How can I show that $y\sin(x+y) = 0$ defines $x$ implicitly as a function of $y$ in a neighbourhood of $(0, \pi)$ and calculate its derivative $\dfrac{dx}{dy}\Bigg|_{y=\pi} ?$
I'm struggling with the implicit theorem for multivariable calculus.
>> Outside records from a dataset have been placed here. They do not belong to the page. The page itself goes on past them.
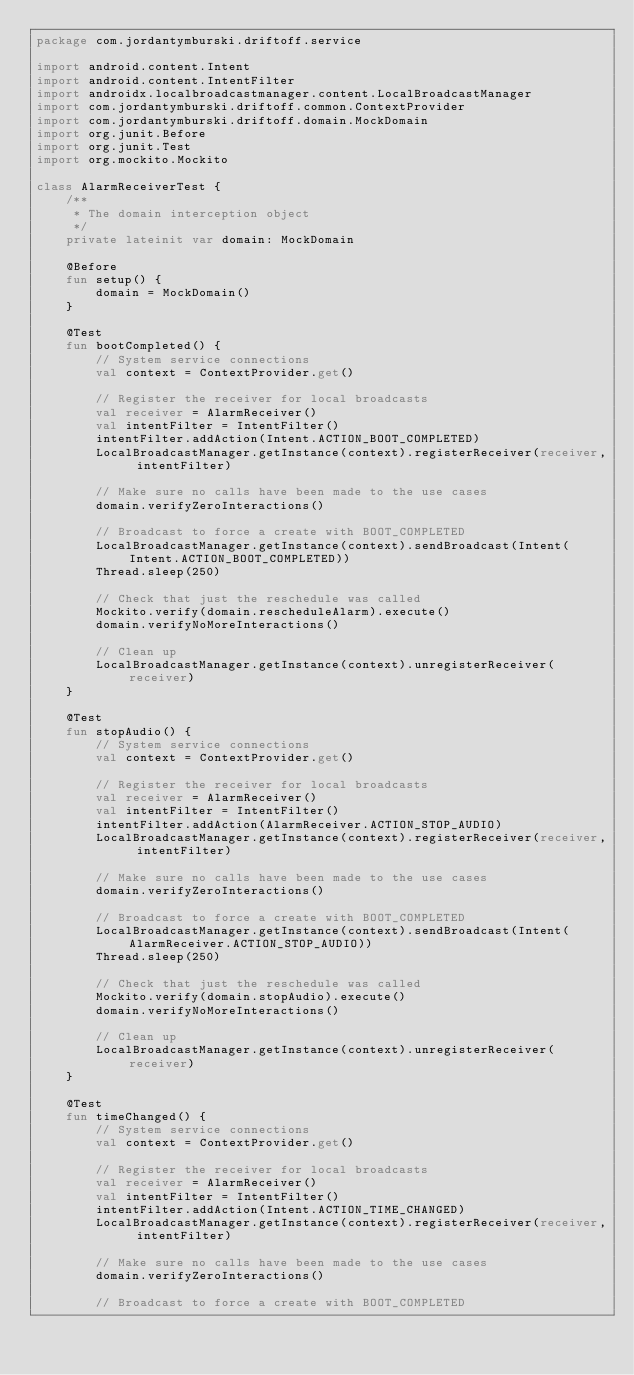Convert code to text. <code><loc_0><loc_0><loc_500><loc_500><_Kotlin_>package com.jordantymburski.driftoff.service

import android.content.Intent
import android.content.IntentFilter
import androidx.localbroadcastmanager.content.LocalBroadcastManager
import com.jordantymburski.driftoff.common.ContextProvider
import com.jordantymburski.driftoff.domain.MockDomain
import org.junit.Before
import org.junit.Test
import org.mockito.Mockito

class AlarmReceiverTest {
    /**
     * The domain interception object
     */
    private lateinit var domain: MockDomain

    @Before
    fun setup() {
        domain = MockDomain()
    }

    @Test
    fun bootCompleted() {
        // System service connections
        val context = ContextProvider.get()

        // Register the receiver for local broadcasts
        val receiver = AlarmReceiver()
        val intentFilter = IntentFilter()
        intentFilter.addAction(Intent.ACTION_BOOT_COMPLETED)
        LocalBroadcastManager.getInstance(context).registerReceiver(receiver, intentFilter)

        // Make sure no calls have been made to the use cases
        domain.verifyZeroInteractions()

        // Broadcast to force a create with BOOT_COMPLETED
        LocalBroadcastManager.getInstance(context).sendBroadcast(Intent(Intent.ACTION_BOOT_COMPLETED))
        Thread.sleep(250)

        // Check that just the reschedule was called
        Mockito.verify(domain.rescheduleAlarm).execute()
        domain.verifyNoMoreInteractions()

        // Clean up
        LocalBroadcastManager.getInstance(context).unregisterReceiver(receiver)
    }

    @Test
    fun stopAudio() {
        // System service connections
        val context = ContextProvider.get()

        // Register the receiver for local broadcasts
        val receiver = AlarmReceiver()
        val intentFilter = IntentFilter()
        intentFilter.addAction(AlarmReceiver.ACTION_STOP_AUDIO)
        LocalBroadcastManager.getInstance(context).registerReceiver(receiver, intentFilter)

        // Make sure no calls have been made to the use cases
        domain.verifyZeroInteractions()

        // Broadcast to force a create with BOOT_COMPLETED
        LocalBroadcastManager.getInstance(context).sendBroadcast(Intent(AlarmReceiver.ACTION_STOP_AUDIO))
        Thread.sleep(250)

        // Check that just the reschedule was called
        Mockito.verify(domain.stopAudio).execute()
        domain.verifyNoMoreInteractions()

        // Clean up
        LocalBroadcastManager.getInstance(context).unregisterReceiver(receiver)
    }

    @Test
    fun timeChanged() {
        // System service connections
        val context = ContextProvider.get()

        // Register the receiver for local broadcasts
        val receiver = AlarmReceiver()
        val intentFilter = IntentFilter()
        intentFilter.addAction(Intent.ACTION_TIME_CHANGED)
        LocalBroadcastManager.getInstance(context).registerReceiver(receiver, intentFilter)

        // Make sure no calls have been made to the use cases
        domain.verifyZeroInteractions()

        // Broadcast to force a create with BOOT_COMPLETED</code>

My attempt was:
$$\frac{d}{dy}(y\sin(x+y)) = 0$$ $$\iff \sin(x+y)\frac{d}{dy}y + y\frac{d}{dy}\sin(x+y) = 0$$ $$\iff \sin(x+y) + y\cos(x+y)\frac{d}{dy}(x+y) = 0$$ $$\iff \sin(x+y) + y\cos(x+y)\frac{d}{dy}x + y\cos(x+y) = 0$$ $$\iff \frac{dx}{dy} = -\frac{\sin(x+y) + y\cos(x+y)}{y\cos(x+y)}$$
But it doesn't seem right and neither I can calculate $\dfrac{dx}{dy}\Bigg|_{y=\pi}$ because it is still dependent on $x$. What am I doing wrong and how should I think about it?
Since you need to show 'implicit'-ness in a neighborhood of $(0,\pi)$, this is a hint that you need to substitute $(x,y)=(0,\pi)$ in your final expression for $\dfrac{dx}{dy}$. Your calculated expression for $\dfrac{dx}{dy}$ is correct. Substituting, we have $$\dfrac{dx}{dy}\Bigg|_{(x,y)=(0,\pi)} = -\frac{\sin(0+\pi) + \pi\cos(0+\pi)}{\pi\cos(0+\pi)} = -\frac{0-\pi}{-\pi}=-1.$$ This is the answer. Now, substituting $(x,y)=(0,\pi)$ works because your are in a neighborhood of this point in the plane.